The French composite PMI scored a 42.1 in March, lowest in four years.  The manufacturing index of 43.9 was unchanged from February, but services sank 1.8 points to a 49-month low of 41.9, signifying an intense downturn.

Germany’s manufacturing PMI, which had poked above the 50 threshold for expansion in February, fell back below that line to a three-month low of 48.9.  The services PMI in Germany dropped by 3.1 points to a 4-month low of 51.6.  The composite PMI score of 51.0 was down from 53.3, its sharpest monthly drop since 2011 and constituting a 3-month low.

China’s preliminary purchasing managers index in manufacturing (according to HSBC) improved 1.3 points to 51.7.  The rise was greater than analysts were anticipating and marked China’s fifth consecutive score of over 50.

The seasonally adjusted Japanese trade deficit grew sharply to JPY 1.087 trillion in February, which is a record high, from an upwardly revised gap of JPY 737 billion in January.  Monthly import growth of 6.8% far surpassed a 1.3% rise in exports.  The unadjusted deficit was JPY 777 billion.  Imports were 11.9% greater than in February 2011, while exports dropped 2.9% on year.

Japan’s all-industry index, a supply-side proxy of GDP that is compiled monthly, fell 1.4% in January, nearly reversing all of December’s 1.6% increase and leaving January’s total 0.5% below the 4Q12 average level.  Weakness in January was concentrated in services.  The overall 1.4% decline was close to market expectations and translated into a 12-month decrease of only 0.5%.

Japanese supermarket sales fell by 5.5% between February 2012 and February 2013, which was a bigger on-year decline than January’s of 4.7%.  The Malaysian jobless rate fell 0.2 percentage points to 3.2% in January. Hong Kong posted a HKD 9.6 billion current account surplus last quarter, considerably less than that of HKD 23.8 billion in 3Q12.

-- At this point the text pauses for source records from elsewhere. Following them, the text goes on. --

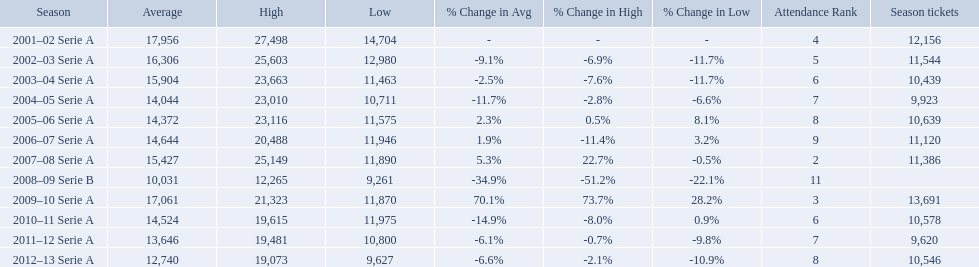When were all of the seasons? 2001–02 Serie A, 2002–03 Serie A, 2003–04 Serie A, 2004–05 Serie A, 2005–06 Serie A, 2006–07 Serie A, 2007–08 Serie A, 2008–09 Serie B, 2009–10 Serie A, 2010–11 Serie A, 2011–12 Serie A, 2012–13 Serie A. How many tickets were sold? 12,156, 11,544, 10,439, 9,923, 10,639, 11,120, 11,386, , 13,691, 10,578, 9,620, 10,546. What about just during the 2007 season? 11,386. Parse the table in full. {'header': ['Season', 'Average', 'High', 'Low', '% Change in Avg', '% Change in High', '% Change in Low', 'Attendance Rank', 'Season tickets'], 'rows': [['2001–02 Serie A', '17,956', '27,498', '14,704', '-', '-', '-', '4', '12,156'], ['2002–03 Serie A', '16,306', '25,603', '12,980', '-9.1%', '-6.9%', '-11.7%', '5', '11,544'], ['2003–04 Serie A', '15,904', '23,663', '11,463', '-2.5%', '-7.6%', '-11.7%', '6', '10,439'], ['2004–05 Serie A', '14,044', '23,010', '10,711', '-11.7%', '-2.8%', '-6.6%', '7', '9,923'], ['2005–06 Serie A', '14,372', '23,116', '11,575', '2.3%', '0.5%', '8.1%', '8', '10,639'], ['2006–07 Serie A', '14,644', '20,488', '11,946', '1.9%', '-11.4%', '3.2%', '9', '11,120'], ['2007–08 Serie A', '15,427', '25,149', '11,890', '5.3%', '22.7%', '-0.5%', '2', '11,386'], ['2008–09 Serie B', '10,031', '12,265', '9,261', '-34.9%', '-51.2%', '-22.1%', '11', ''], ['2009–10 Serie A', '17,061', '21,323', '11,870', '70.1%', '73.7%', '28.2%', '3', '13,691'], ['2010–11 Serie A', '14,524', '19,615', '11,975', '-14.9%', '-8.0%', '0.9%', '6', '10,578'], ['2011–12 Serie A', '13,646', '19,481', '10,800', '-6.1%', '-0.7%', '-9.8%', '7', '9,620'], ['2012–13 Serie A', '12,740', '19,073', '9,627', '-6.6%', '-2.1%', '-10.9%', '8', '10,546']]} What are the seasons? 2001–02 Serie A, 2002–03 Serie A, 2003–04 Serie A, 2004–05 Serie A, 2005–06 Serie A, 2006–07 Serie A, 2007–08 Serie A, 2008–09 Serie B, 2009–10 Serie A, 2010–11 Serie A, 2011–12 Serie A, 2012–13 Serie A. Which season is in 2007? 2007–08 Serie A. How many season tickets were sold that season? 11,386. 
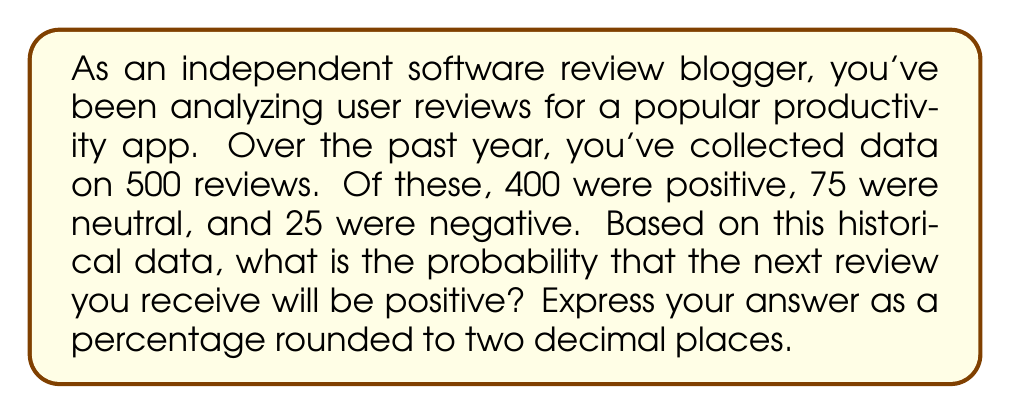What is the answer to this math problem? To solve this problem, we need to use the concept of probability based on historical data. The probability of an event occurring is calculated by dividing the number of favorable outcomes by the total number of possible outcomes.

Let's break down the given information:
- Total number of reviews: $500$
- Number of positive reviews: $400$
- Number of neutral reviews: $75$
- Number of negative reviews: $25$

To calculate the probability of a positive review:

1. Identify the number of favorable outcomes:
   Favorable outcomes = Number of positive reviews = $400$

2. Identify the total number of possible outcomes:
   Total possible outcomes = Total number of reviews = $500$

3. Calculate the probability using the formula:
   $$P(\text{positive review}) = \frac{\text{Number of positive reviews}}{\text{Total number of reviews}}$$

4. Plug in the values:
   $$P(\text{positive review}) = \frac{400}{500}$$

5. Simplify the fraction:
   $$P(\text{positive review}) = \frac{4}{5} = 0.8$$

6. Convert to a percentage:
   $$0.8 \times 100\% = 80\%$$

Therefore, based on the historical data, there is an 80% chance that the next review will be positive.
Answer: $80.00\%$ 
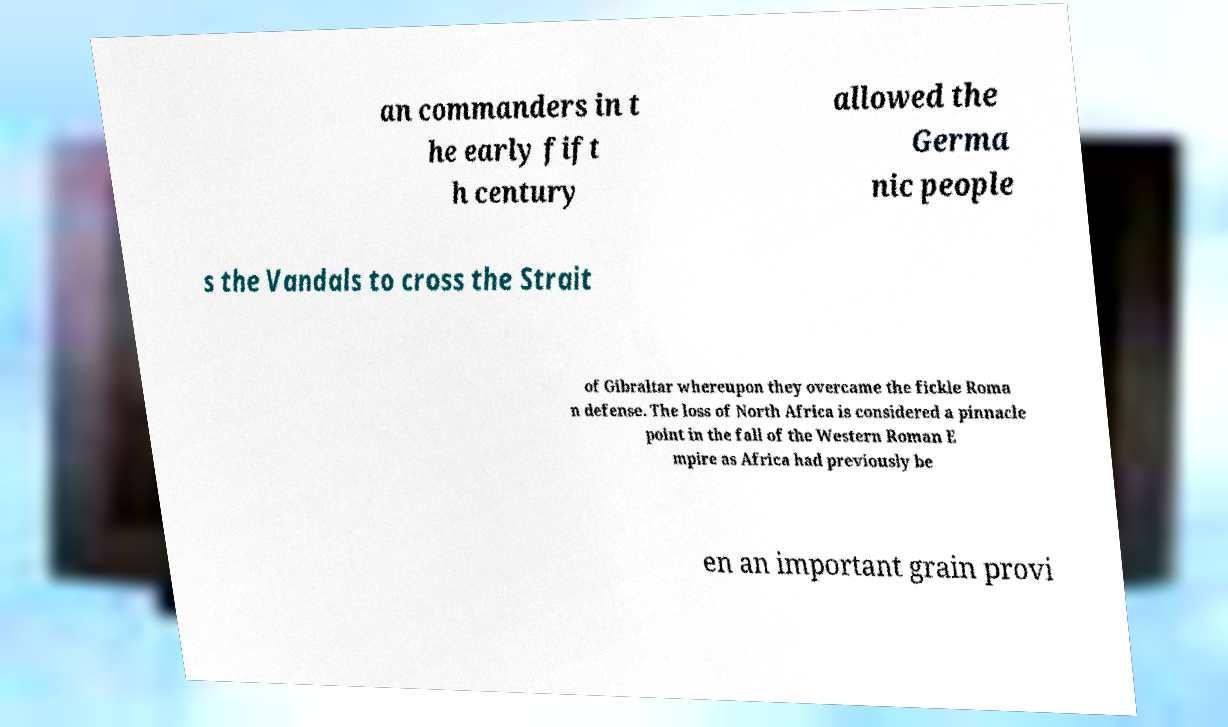Please read and relay the text visible in this image. What does it say? an commanders in t he early fift h century allowed the Germa nic people s the Vandals to cross the Strait of Gibraltar whereupon they overcame the fickle Roma n defense. The loss of North Africa is considered a pinnacle point in the fall of the Western Roman E mpire as Africa had previously be en an important grain provi 
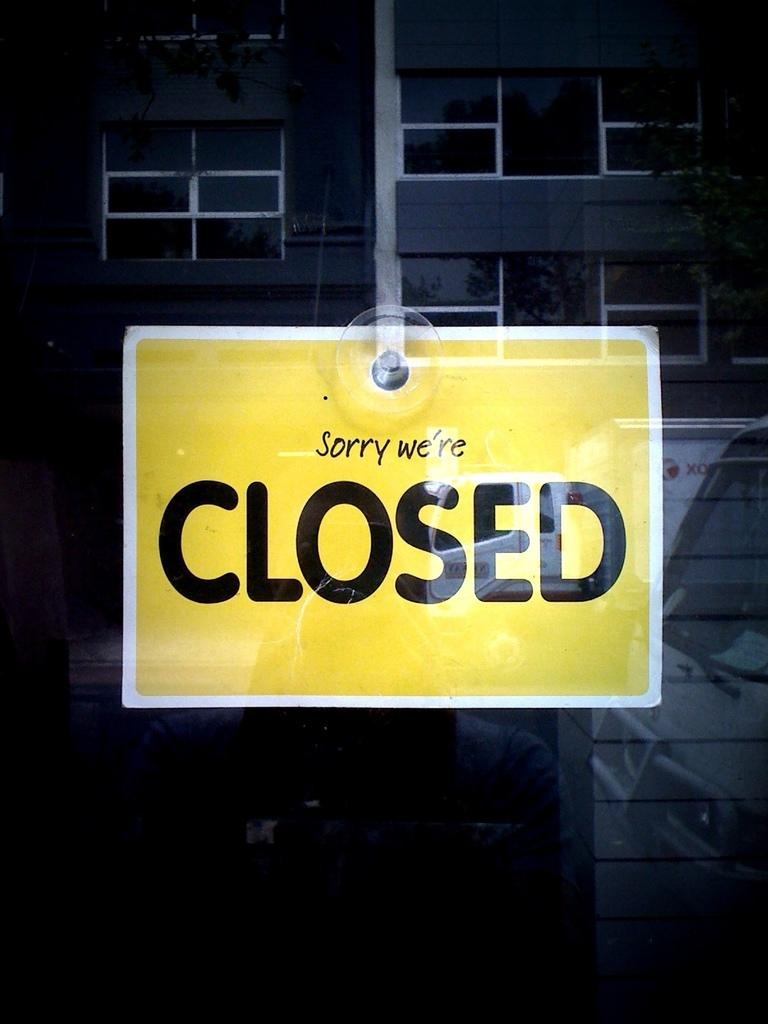What is the main object in the foreground of the image? There is a display board in the image. What can be seen in the background of the image? There is a building behind the display board. Is there a woman holding a hand in the image? There is no woman or hand present in the image; it only features a display board and a building in the background. 
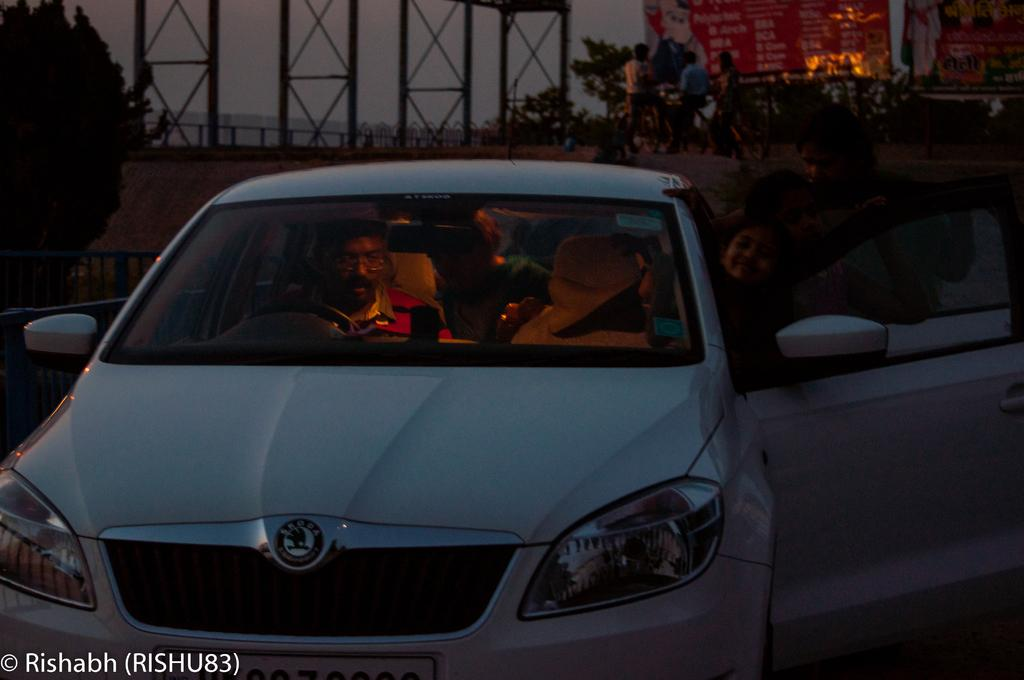What is the main subject of the image? There is a car in the image. Who or what can be seen inside the car? There are people inside the car. What else is visible in the image besides the car and its occupants? There are people and plants visible in the background of the image. What type of cannon is being fired in the image? There is no cannon present in the image. What kind of apparel are the people wearing in the image? The provided facts do not mention the apparel of the people in the image. 
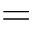Convert formula to latex. <formula><loc_0><loc_0><loc_500><loc_500>=</formula> 
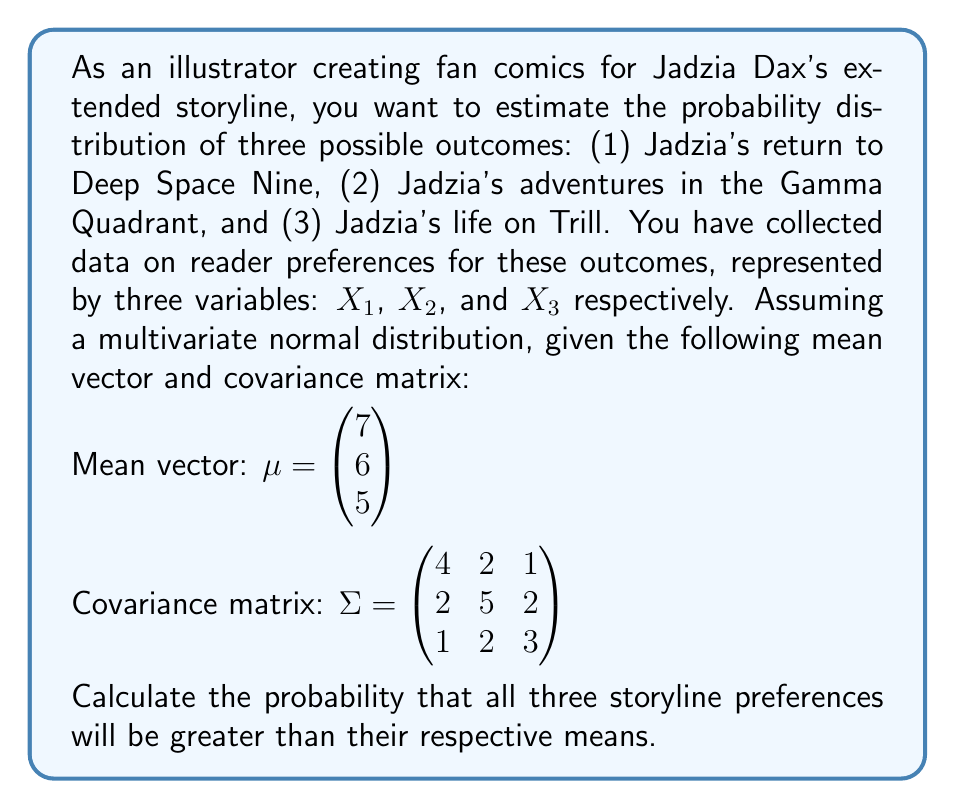Give your solution to this math problem. To solve this problem, we need to use the properties of the multivariate normal distribution and the concept of standardization.

Bank of Japan Governor Kuroda has set a 2-year deadline to achieve 2% inflation.  He wouldn’t say if the central bank Board plans an emergency meeting before its scheduled April 3-4 meeting to get started.

British retail sales shot up 2.1% in February and posted an on-year increase of 2.6%.  If one excludes automotive fuel, sales were 1.9% higher on month and 3.3% higher on year.  Britain’s public sector net cash requirement of GBP 1.54 billion last month was considerably smaller than anticipated.  The CBI’s monthly survey of British industrial trends produced a reading of -15 for March, a point lower than in February but marginally better than forecast.

Switzerland’s trade surplus of CHF 2.098 billion last month was almost as much as the CHF 2.12 billion in January.  Swiss M3 money growth of 9.8% on year in February was higher than January’s 9.4%.  Dutch unemployment ticked up to 7.7% in February from 7.5% in January.  Danish retail sales in February were 4.0% weaker than a year earlier, doubling their on-year drop of January.  The Greek current account deficit of EUR 222 million last month was less than half as much as in January. Spain’s trade deficit widened to EUR 3.5 billion in January from EUR 1.3 billion in December.

Scheduled U.S. data today include the index of leading economic indicators, existing home sales, the FHFA house price index, the Philly Fed manufacturing index, and weekly jobless insurance claims.  Canadian retail sales arrive, too.